The direction and tone of the questions shifted when Rep. Eric Swalwell (D-CA) had his turn. Queried Swalwell: “And, in your experience, comparing this case to other clients that you’ve had or in your work at the FBI, you believe that the images were sufficient for the FBI to understand what had occurred?
“I believe that the FBI got everything that they asked for that related to the DNC from us. Everything that we had access to related to images and servers, when they asked for it, they got it,” said Henry.
Swalwell also wanted to know who received the findings of the CrowdStrike investigation. “I believe it was to Perkins Coie, to the law firm, because they were the client, essentially, right? We were contracted through the law firm,” answered Henry.
April 12, 2016 – Hiding Origins Of Trump-Russia Collusion Witch Hunt
Rep. Stewart then pinned down Henry on a key point when he asked; “You said, I believe, talking about the DNC computer, you had indications that data was prepared to be exfiltrated, but no evidence it actually left.
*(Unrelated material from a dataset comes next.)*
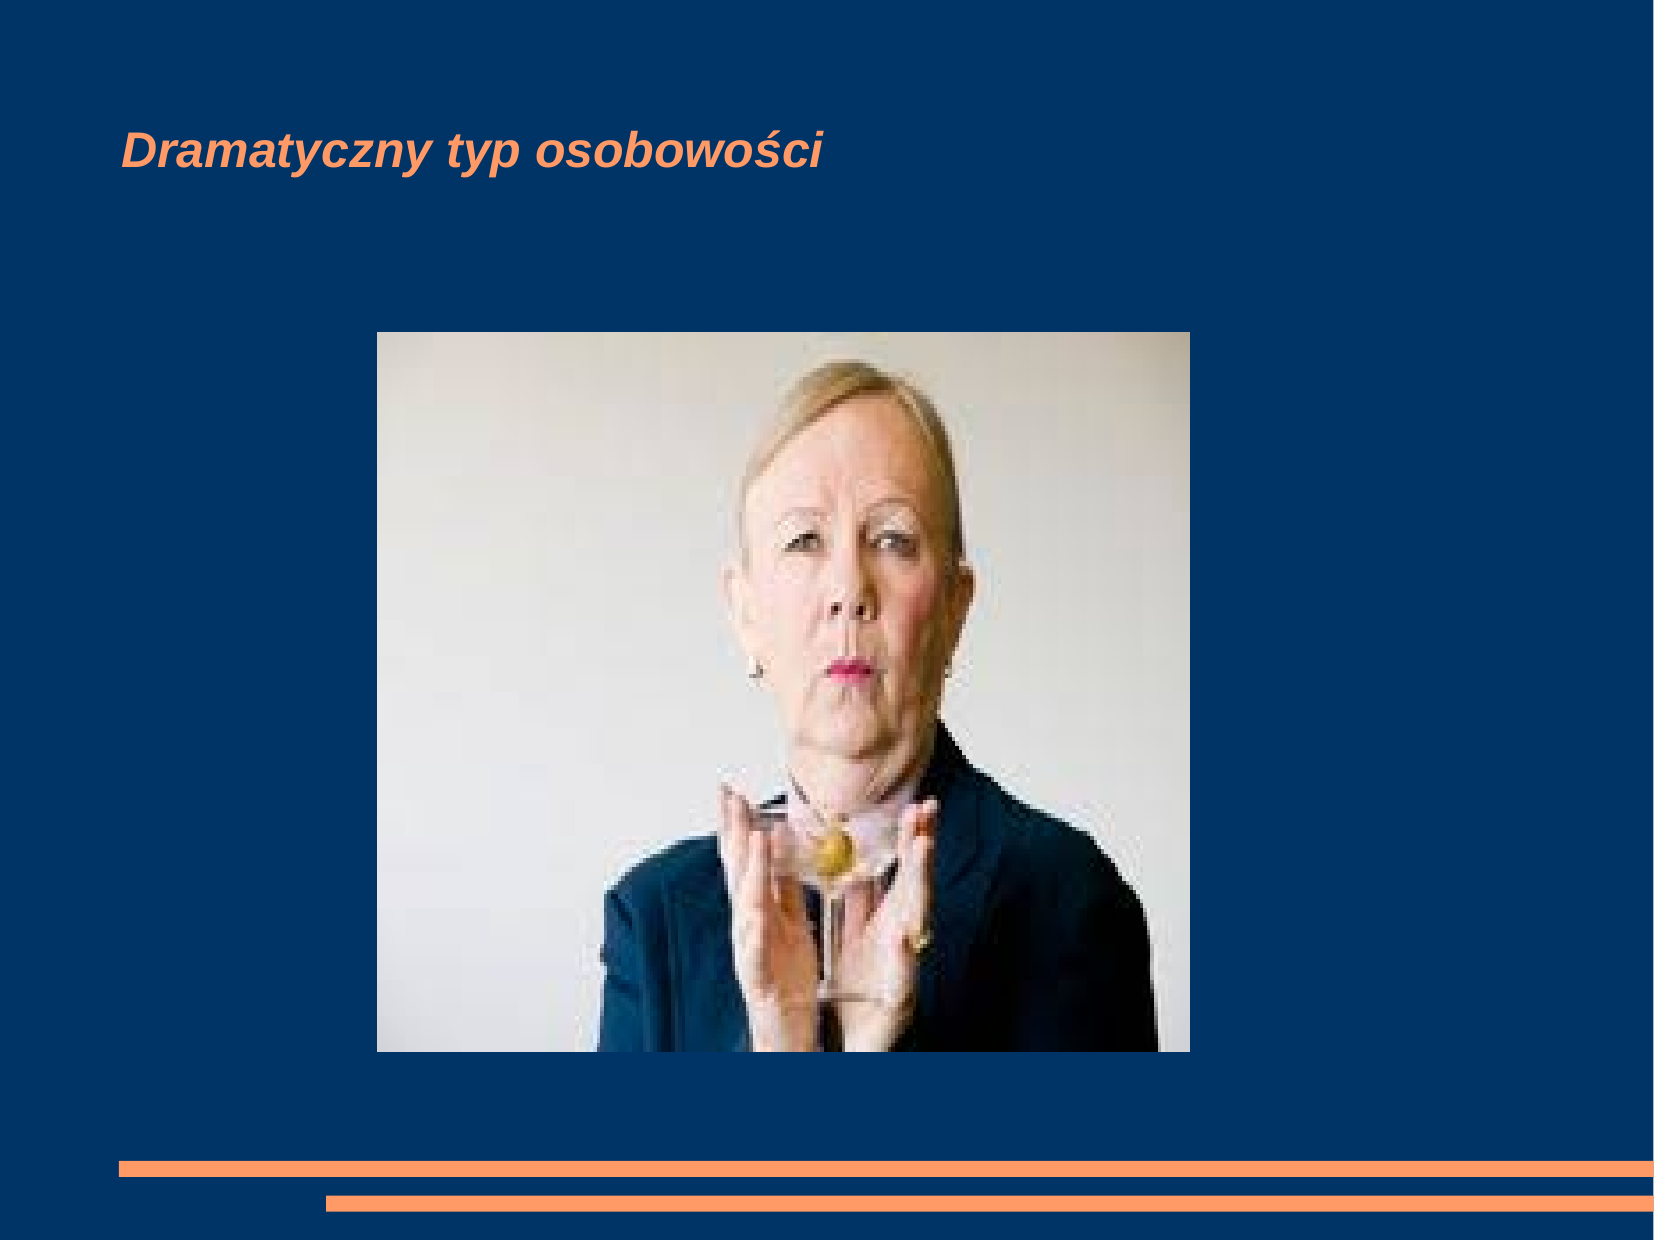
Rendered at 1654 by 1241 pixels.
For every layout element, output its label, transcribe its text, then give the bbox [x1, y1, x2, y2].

Did I write that down correctly?
“Yes,” replied Henry.
Continued Stewart: “And, in this case, the data I am assuming you’re talking about is the email as well as everything else they may have been trying to take.”
Henry’s response was quite revealing but Stewart did not follow it up. “There were files related to opposition research that had been conducted but no evidence it was actually exfiltrated.”
So, here are a few questions that deserve answers:
- How did Shawn Henry know there were files related to opposition research sitting in the DNC servers?
- Had Henry been instructed by Perkins Coie to do whatever necessary to protect the content of those opposition research files?
- What specific requests were made by the FBI to the DNC and CrowdStrike, and were those requests fulfilled?
Why the importance of April 12, 2016? According to “Witch Hunt” by Gregg Jarrett, that was the day “Fusion GPS was hired by lawyers for the Clinton campaign and DNC to do opposition research on Donald Trump,” an action that gave birth, among other things, to the totally discredited Steele dossier and FBI abuse of the Foreign Intelligence Surveillance Court.
What would have happened if this had all seen the light of day before the incoming Trump administration was wrapped in a virtual straightjacket?